[Dataset records]
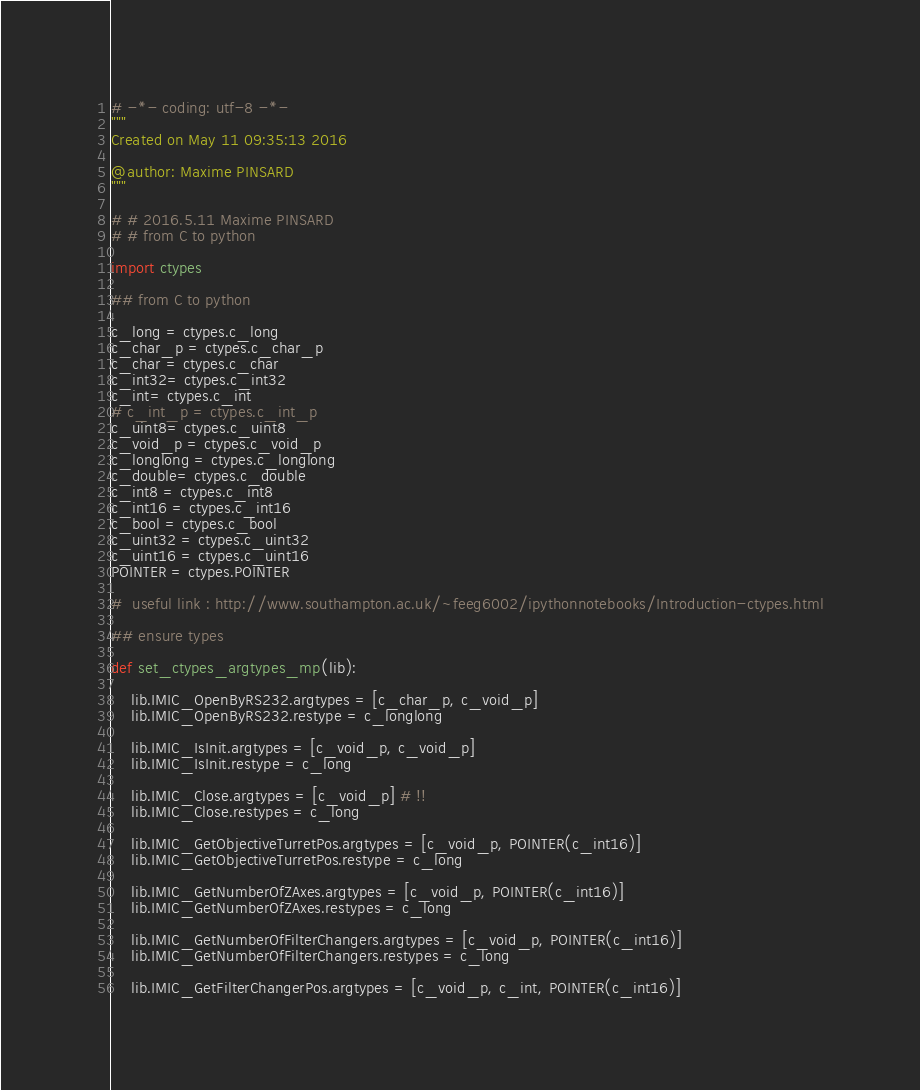<code> <loc_0><loc_0><loc_500><loc_500><_Python_># -*- coding: utf-8 -*-
"""
Created on May 11 09:35:13 2016

@author: Maxime PINSARD
""" 

# # 2016.5.11 Maxime PINSARD
# # from C to python

import ctypes

## from C to python

c_long = ctypes.c_long
c_char_p = ctypes.c_char_p
c_char = ctypes.c_char
c_int32= ctypes.c_int32
c_int= ctypes.c_int
# c_int_p = ctypes.c_int_p
c_uint8= ctypes.c_uint8
c_void_p = ctypes.c_void_p
c_longlong = ctypes.c_longlong
c_double= ctypes.c_double
c_int8 = ctypes.c_int8
c_int16 = ctypes.c_int16
c_bool = ctypes.c_bool
c_uint32 = ctypes.c_uint32
c_uint16 = ctypes.c_uint16
POINTER = ctypes.POINTER

#  useful link : http://www.southampton.ac.uk/~feeg6002/ipythonnotebooks/Introduction-ctypes.html

## ensure types

def set_ctypes_argtypes_mp(lib):

    lib.IMIC_OpenByRS232.argtypes = [c_char_p, c_void_p]
    lib.IMIC_OpenByRS232.restype = c_longlong
    
    lib.IMIC_IsInit.argtypes = [c_void_p, c_void_p]
    lib.IMIC_IsInit.restype = c_long
    
    lib.IMIC_Close.argtypes = [c_void_p] # !!
    lib.IMIC_Close.restypes = c_long

    lib.IMIC_GetObjectiveTurretPos.argtypes = [c_void_p, POINTER(c_int16)]
    lib.IMIC_GetObjectiveTurretPos.restype = c_long
    
    lib.IMIC_GetNumberOfZAxes.argtypes = [c_void_p, POINTER(c_int16)]
    lib.IMIC_GetNumberOfZAxes.restypes = c_long
    
    lib.IMIC_GetNumberOfFilterChangers.argtypes = [c_void_p, POINTER(c_int16)]
    lib.IMIC_GetNumberOfFilterChangers.restypes = c_long
    
    lib.IMIC_GetFilterChangerPos.argtypes = [c_void_p, c_int, POINTER(c_int16)]</code> 
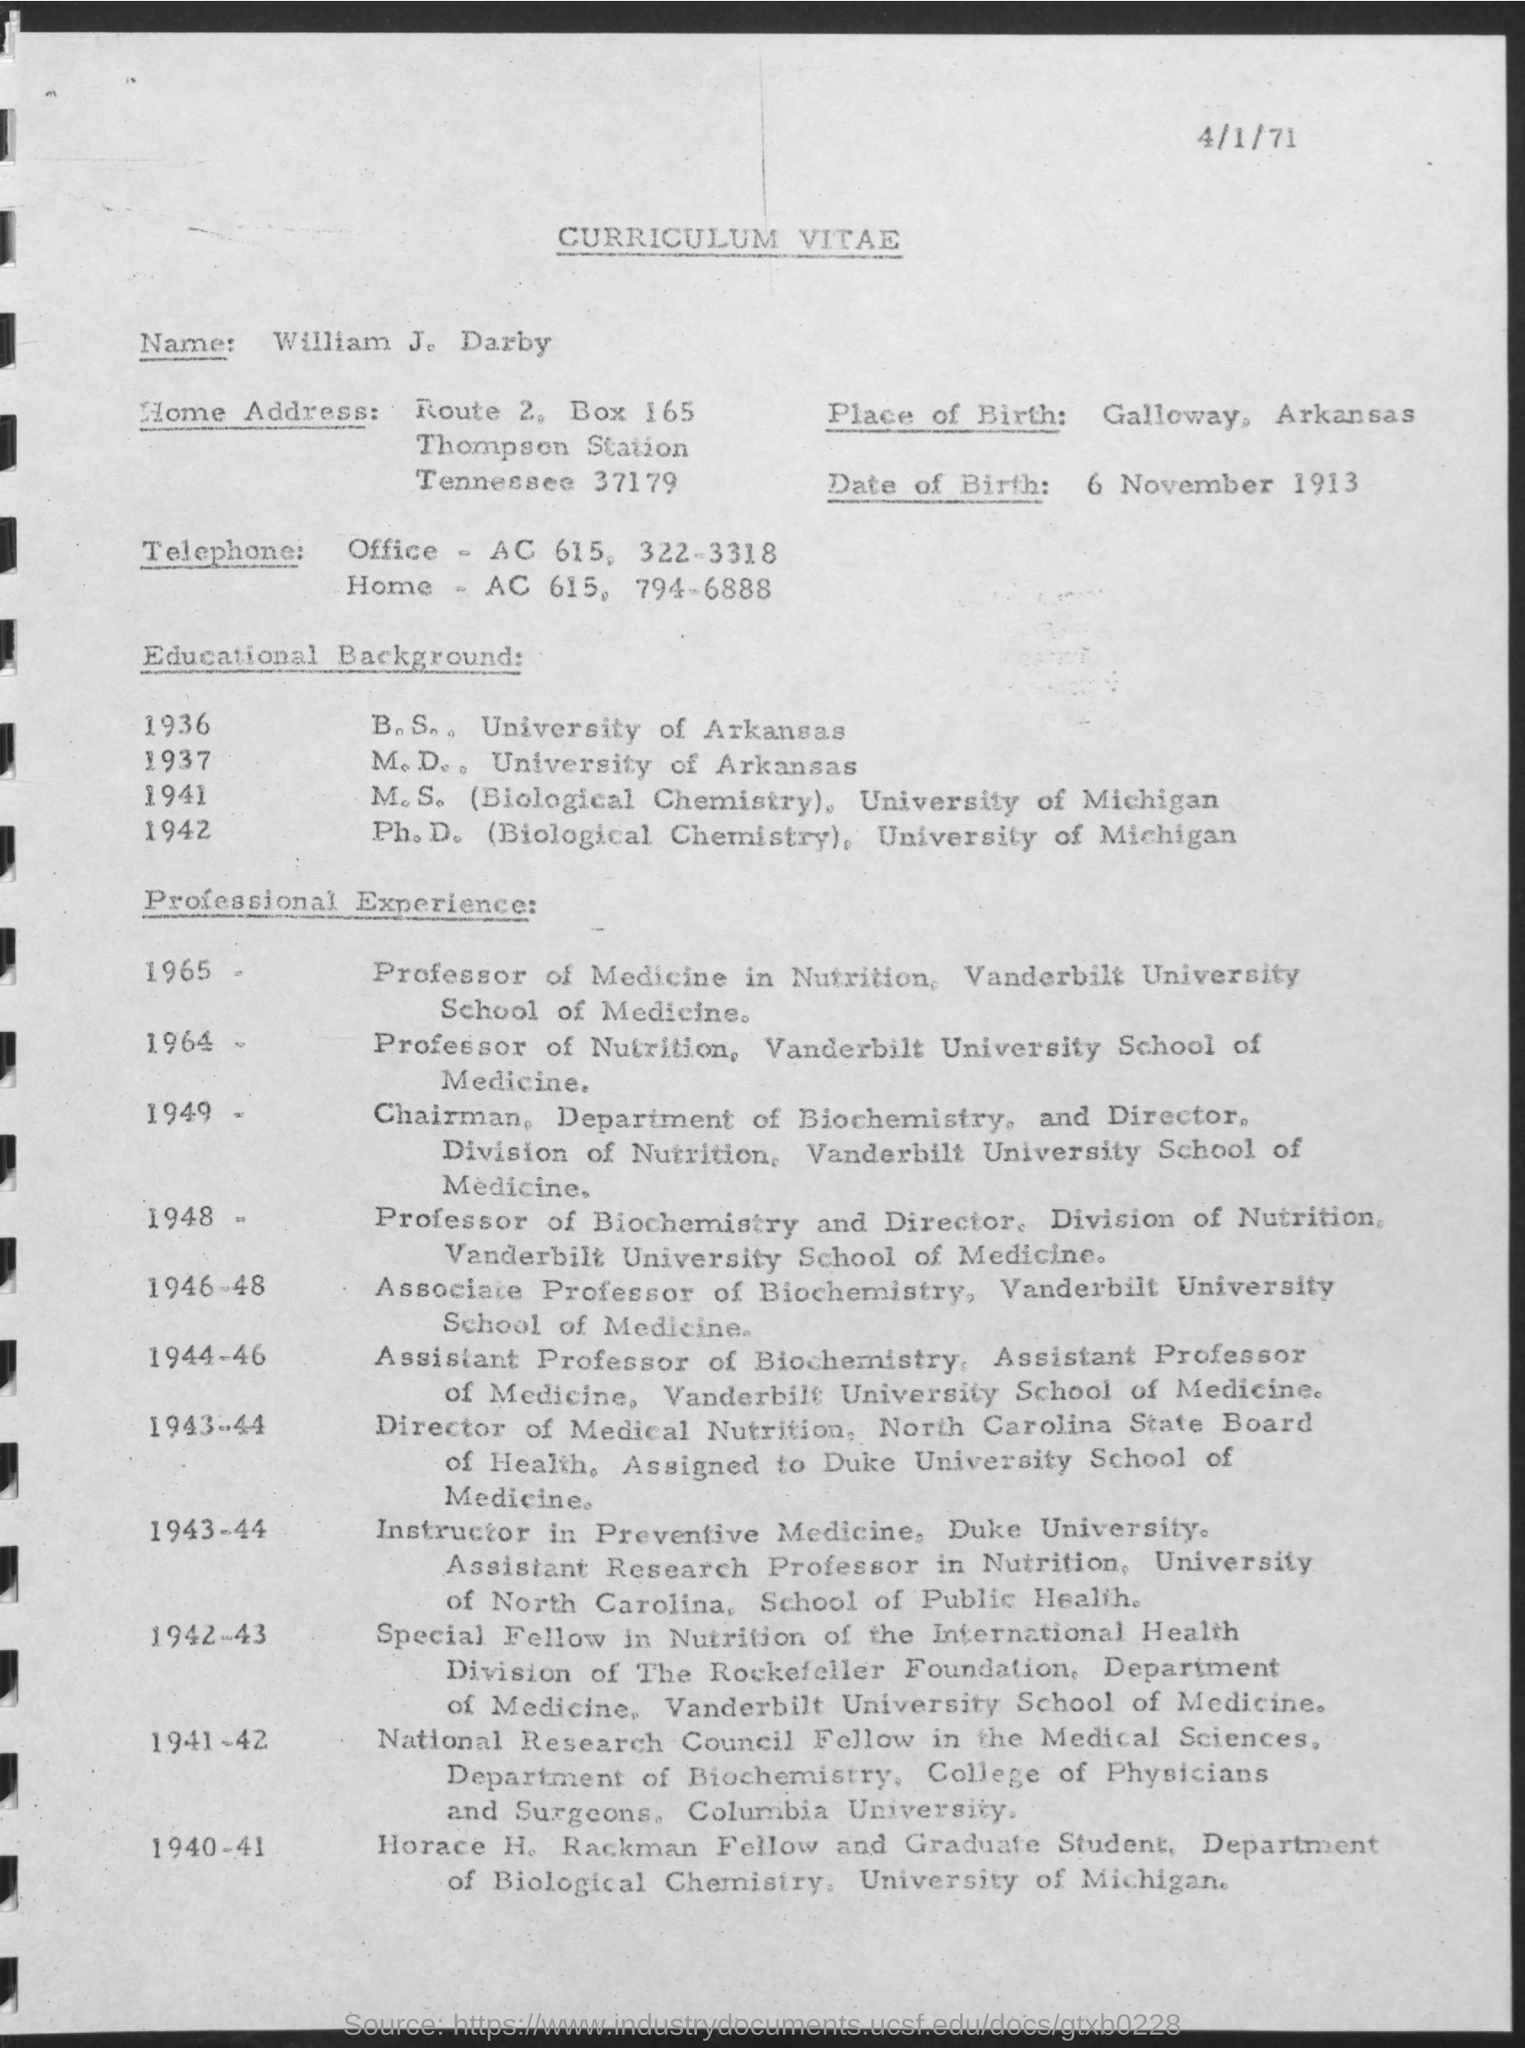Identify some key points in this picture. The letter head contains the phrase 'Curriculum Vitae'. The box number is 165. William was born on 6 November 1913. When he earned his Bachelor of Science degree in 1936, he had completed all the necessary requirements for the degree. The individual attended the University of Arkansas and earned a degree in medicine. 
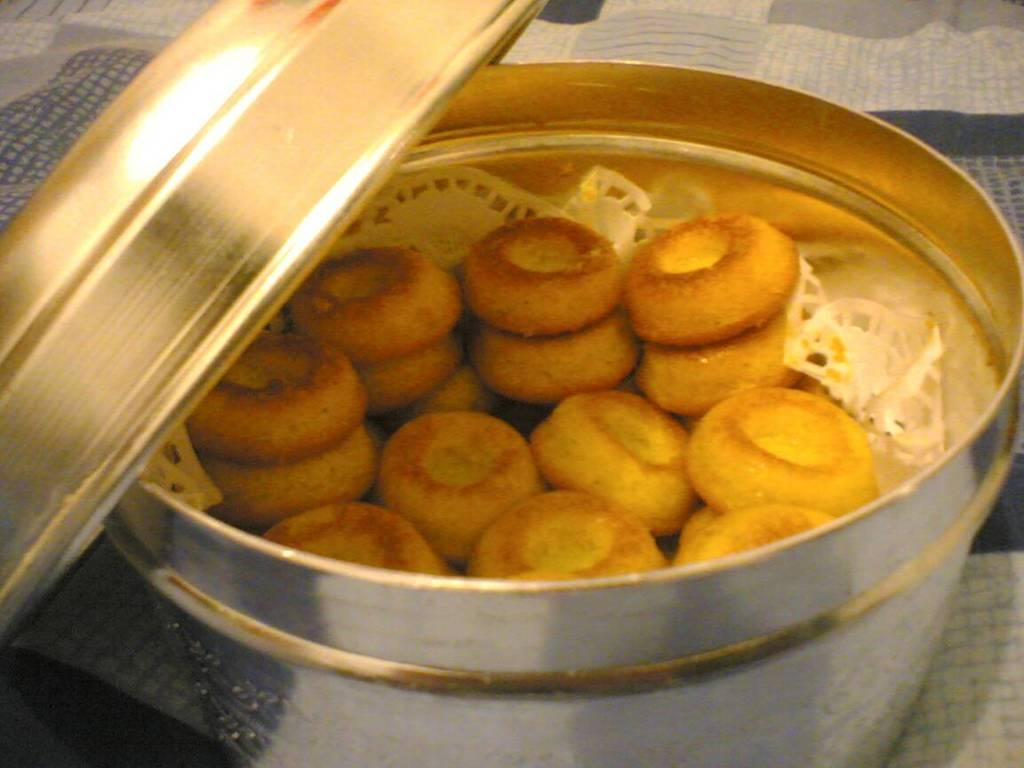What is present in the image related to food? There is food in the image. How is the food contained or stored? The food is in a container. What is the color of the container? The container is silver in color. On what surface is the container placed? The container is on a blue and cream color surface. What type of coat is the person wearing in the image? There is no person present in the image, so it is not possible to determine what type of coat they might be wearing. 
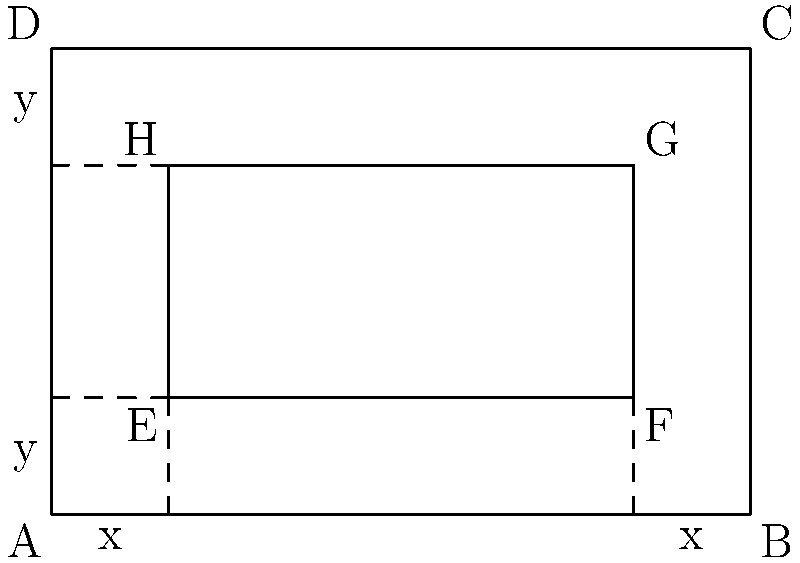A Masonic temple's floor plan is represented by a rectangle ABCD with dimensions 6 meters by 4 meters. An inner rectangular area EFGH is to be designated for ceremonial purposes, with x meters between the sides of EFGH and the longer sides of ABCD, and y meters between the sides of EFGH and the shorter sides of ABCD. If the area of EFGH needs to be maximized, find the optimal values of x and y. Let's approach this step-by-step:

1) The area of EFGH can be expressed as a function of x and y:
   Area = (6 - 2x)(4 - 2y)

2) Expanding this expression:
   Area = 24 - 12x - 12y + 4xy

3) To find the maximum, we need to find the partial derivatives with respect to x and y and set them to zero:

   $$\frac{\partial A}{\partial x} = -12 + 4y = 0$$
   $$\frac{\partial A}{\partial y} = -12 + 4x = 0$$

4) From these equations:
   4y = 12, so y = 3
   4x = 12, so x = 3

5) To confirm this is a maximum, we can check the second derivatives:

   $$\frac{\partial^2 A}{\partial x^2} = 0$$
   $$\frac{\partial^2 A}{\partial y^2} = 0$$
   $$\frac{\partial^2 A}{\partial x \partial y} = 4$$

   The determinant of the Hessian matrix is negative, confirming a maximum.

6) Therefore, the optimal values are x = 1 and y = 1.

7) We can verify: 
   With x = 1 and y = 1, EFGH has dimensions 4m by 2m, which indeed maximizes the area at 8 square meters.
Answer: x = 1m, y = 1m 
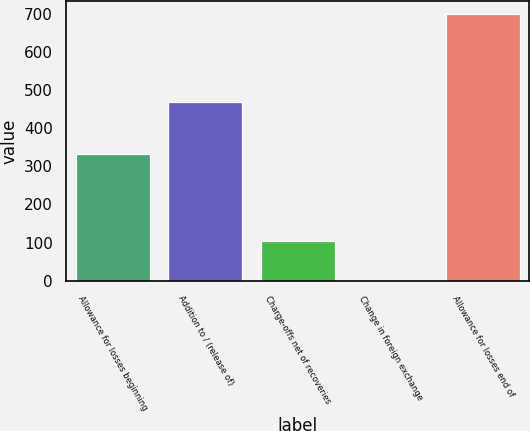<chart> <loc_0><loc_0><loc_500><loc_500><bar_chart><fcel>Allowance for losses beginning<fcel>Addition to / (release of)<fcel>Charge-offs net of recoveries<fcel>Change in foreign exchange<fcel>Allowance for losses end of<nl><fcel>332<fcel>468<fcel>105<fcel>3<fcel>698<nl></chart> 
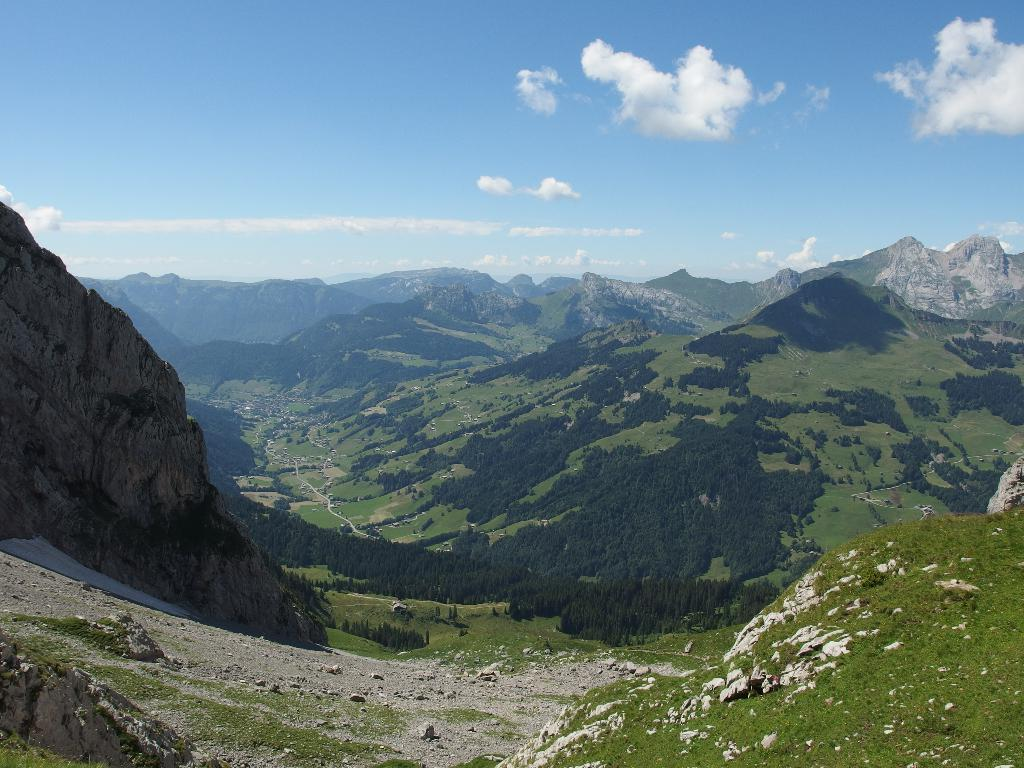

## PROBLEM TO WORK ON
Nothing but the lines from the one that contains "3) To find the" through the last line of the records belongs in the answer, reproduced exactly, with no pictures.

## TASK RESULT
3) To find the maximum, we need to find the partial derivatives with respect to x and y and set them to zero:

   $$\frac{\partial A}{\partial x} = -12 + 4y = 0$$
   $$\frac{\partial A}{\partial y} = -12 + 4x = 0$$

4) From these equations:
   4y = 12, so y = 3
   4x = 12, so x = 3

5) To confirm this is a maximum, we can check the second derivatives:

   $$\frac{\partial^2 A}{\partial x^2} = 0$$
   $$\frac{\partial^2 A}{\partial y^2} = 0$$
   $$\frac{\partial^2 A}{\partial x \partial y} = 4$$

   The determinant of the Hessian matrix is negative, confirming a maximum.

6) Therefore, the optimal values are x = 1 and y = 1.

7) We can verify: 
   With x = 1 and y = 1, EFGH has dimensions 4m by 2m, which indeed maximizes the area at 8 square meters.
Answer: x = 1m, y = 1m 
<chart> <loc_0><loc_0><loc_500><loc_500><bar_chart><fcel>Allowance for losses beginning<fcel>Addition to / (release of)<fcel>Charge-offs net of recoveries<fcel>Change in foreign exchange<fcel>Allowance for losses end of<nl><fcel>332<fcel>468<fcel>105<fcel>3<fcel>698<nl></chart> 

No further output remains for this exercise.